げしげしとりんごから蹴りを入れられるままにサジータはベッドから降り、「わかったわかった」と生返事をしながら、散らばったフクを拾い集めた。
「パスタでいいんだよな?」
「ミートソース!」
「はいはい、わかってるって」
とりあえず下だけ履いてから、サジータはじっとりと汗ばむ身体に眉をしかめて、りんごの方を振り返った。
「先にシャワーだけ浴びてきていいか?すぐ済ませるから」
「一緒に浴びたいっていうんなら浴びてあげてもいいけど~?」
ベッドに横たわったまま、そう言ってにまにまと笑うりんごに、サジータは軽く眉を上げてみせる。
「夕飯遅くなるぞ」
「うわ~、サジータくんのすけべ~」
きゃたきゃたと笑うりんごに、サジータは内心ほっと息を吐いた。
どうやら、機嫌は直ったらしい。
……それなら良かった。
「はいはい、どうせ俺はすけべですよ」
サジータがそう言いながらりんごの頭を撫でてやると、彼は満更でもなさそうに手にすり寄ってきた。
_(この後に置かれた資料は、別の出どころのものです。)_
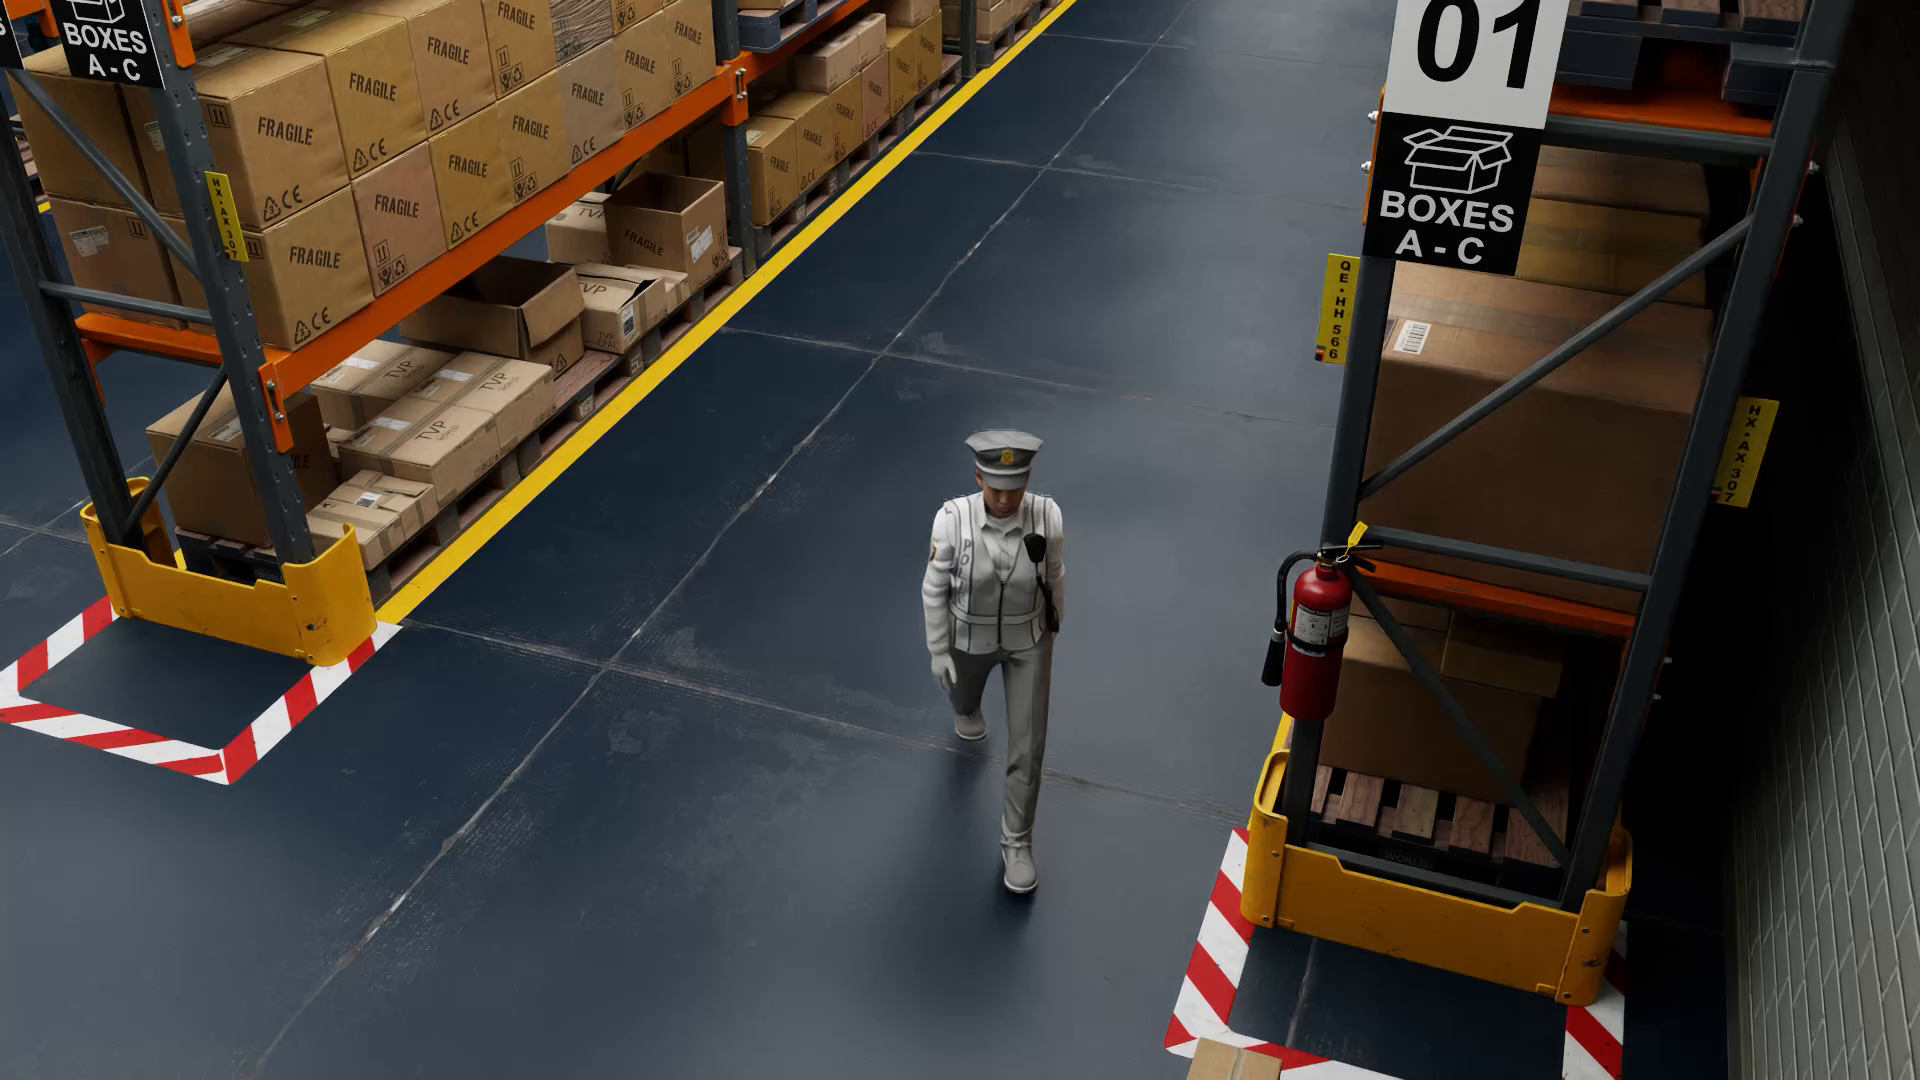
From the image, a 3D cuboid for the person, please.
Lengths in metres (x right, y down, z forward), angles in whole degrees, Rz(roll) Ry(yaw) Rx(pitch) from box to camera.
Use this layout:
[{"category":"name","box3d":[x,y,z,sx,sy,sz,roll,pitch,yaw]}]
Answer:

可愛い。絶対そうとは言わないが。言ったら最後、二度と甘えてきてくれないだろうし。
「機嫌が直ったようで何よりだ」
「は?別に機嫌悪くしてませんし~」
りんごは澄ました顔でサジータの手を払いのけた。サービスタイムは終了だと言わんばかりの表情に、サジータは仕方なく手を引っ込める。
「ねえ、おサジってさ~」
乱れたゲソを直しもせずに、りんごは不意に言った。
「俺以外にセフレ作んないの」
「なんでそんなこと聞くんだ?」
「……別に」
視線を逸らすりんごに、サジータもそれ以上問いかけることはやめた。
……そもそも、りんご以外とこんな関係になるつもりはないのだが。
サジータは少し迷ってから、
「今のところ予定はないよ」
と、若干曖昧な答え方をすることにした。
「ふーん……」
質問してきたくせに、まるで興味のないような返答をしてから、りんごは更に聞いてくる。
「じゃあ、俺に飽きたら作る?」
「……やっぱり何かあっただろ」
そう言って手を伸ばそうとすると、「何もないって!」とりんごはまたサジータの手を払いのけた。
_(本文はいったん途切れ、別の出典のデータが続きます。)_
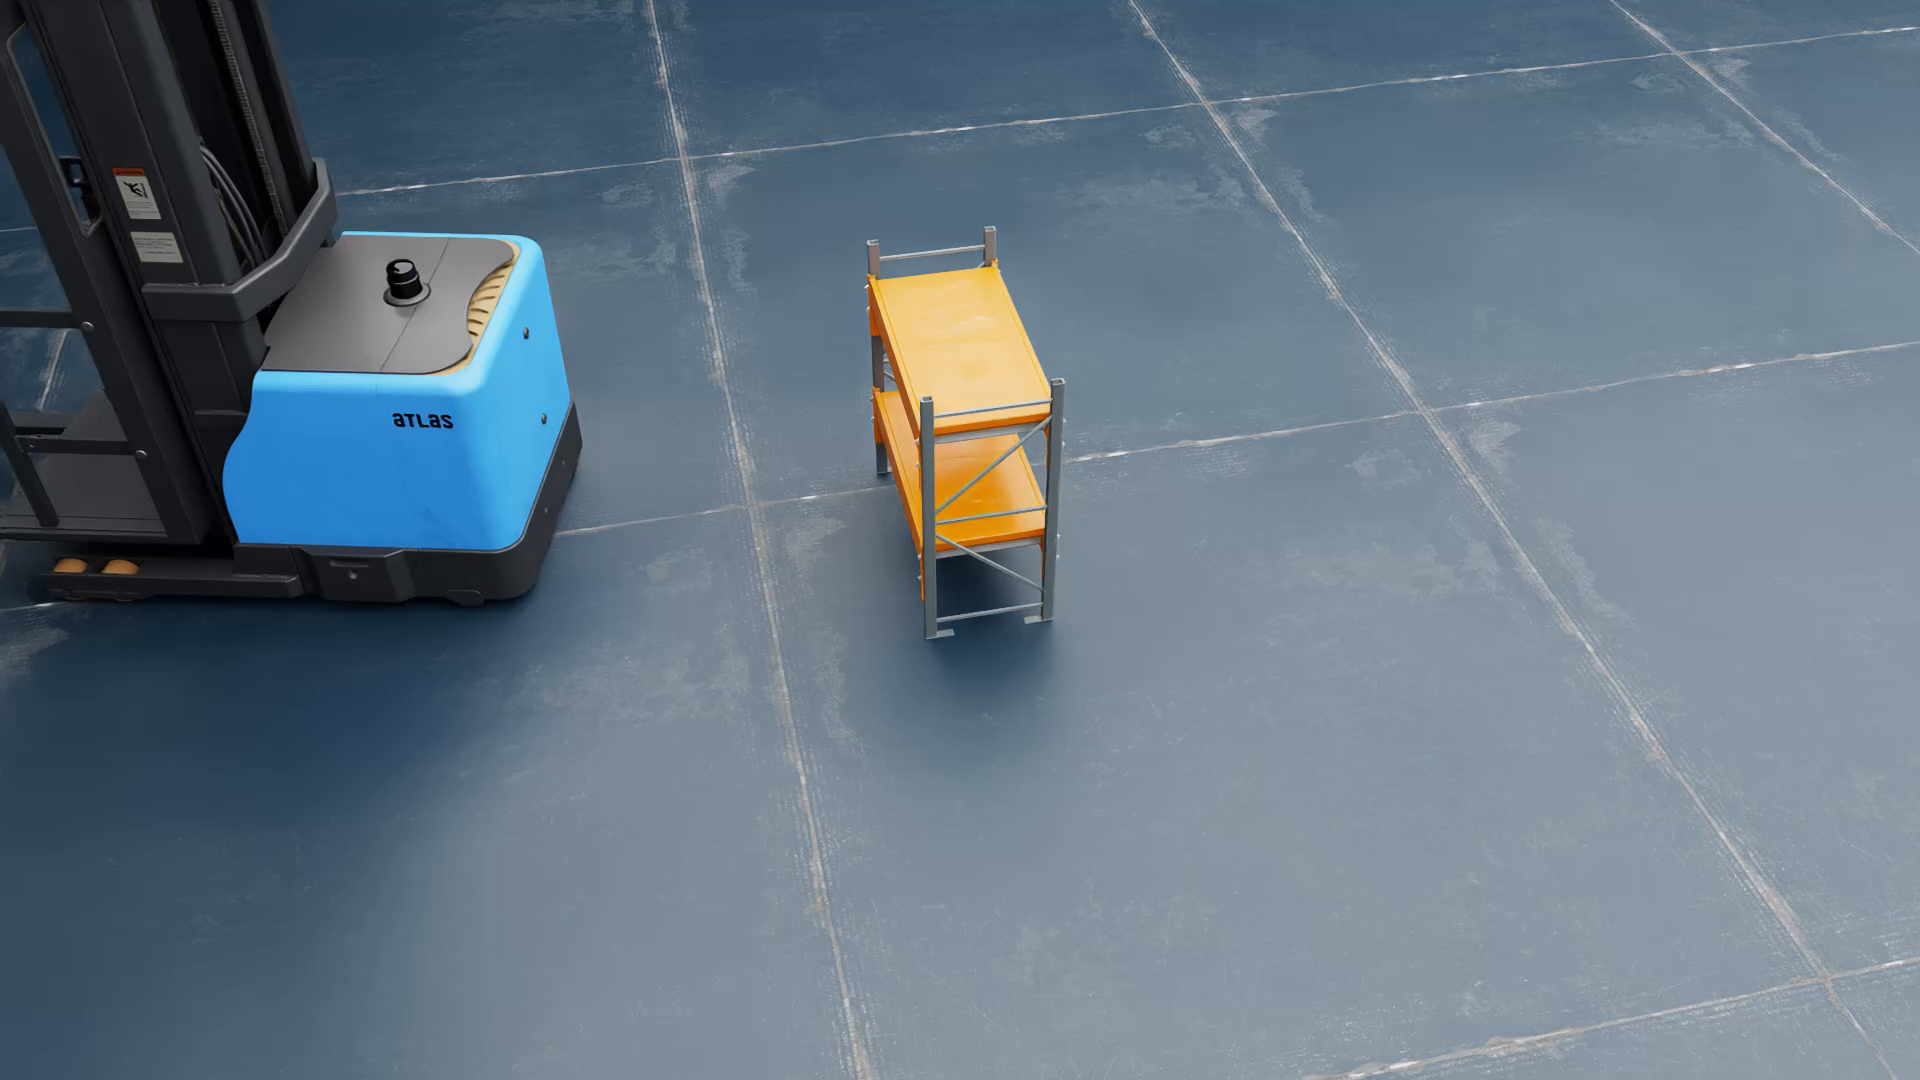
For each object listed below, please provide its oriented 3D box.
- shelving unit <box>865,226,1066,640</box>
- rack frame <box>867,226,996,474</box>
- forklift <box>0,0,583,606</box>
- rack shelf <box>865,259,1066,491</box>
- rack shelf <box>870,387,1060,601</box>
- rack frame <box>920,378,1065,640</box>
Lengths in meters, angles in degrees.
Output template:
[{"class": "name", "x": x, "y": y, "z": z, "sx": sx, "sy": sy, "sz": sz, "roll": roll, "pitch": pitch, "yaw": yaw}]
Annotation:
[{"class": "shelving unit", "x": 0.001, "y": -0.416, "z": 6.372, "sx": 0.538, "sy": 1.125, "sz": 1.048, "roll": -8, "pitch": 42, "yaw": -9}, {"class": "rack frame", "x": -0.108, "y": -0.746, "z": 6.743, "sx": 0.500, "sy": 1.125, "sz": 0.032, "roll": -8, "pitch": 42, "yaw": -9}, {"class": "forklift", "x": -3.143, "y": -1.206, "z": 5.901, "sx": 3.031, "sy": 2.935, "sz": 1.130, "roll": 2, "pitch": 42, "yaw": 2}, {"class": "rack shelf", "x": 0.001, "y": -0.635, "z": 6.177, "sx": 0.538, "sy": 0.278, "sz": 1.000, "roll": -8, "pitch": 42, "yaw": -9}, {"class": "rack shelf", "x": 0.001, "y": -0.233, "z": 6.534, "sx": 0.538, "sy": 0.278, "sz": 1.000, "roll": -8, "pitch": 42, "yaw": -9}, {"class": "rack frame", "x": 0.111, "y": -0.087, "z": 6.000, "sx": 0.500, "sy": 1.125, "sz": 0.032, "roll": -8, "pitch": 42, "yaw": -9}]

「サジータくんが意外と性欲オーセーだから、俺だけじゃしんどくなってきたな~って思っただけですぅ~」
「……マジで?」
「なわけねえだろばーか」
早くシャワー浴びてこいよ、とりんごが枕を投げつけてくる。
サジータは仕方なく、一人で風呂場に向かうことにした。

自分から離れていくサジータの背中を、りんごは黙って見つめる。
彼の背中や首筋には、自分が散々しがみつき、噛み付いた痕が、いくつもいくつも残っている。
「…………」

もし、あの背中に痕をつけるのが、自分だけじゃなくなったとしても。
他の誰かのものにならないなら、それでいい。

「……ばっかみてえ」
りんごはそう吐き捨てて、サジータのベッドに潜り込んだ。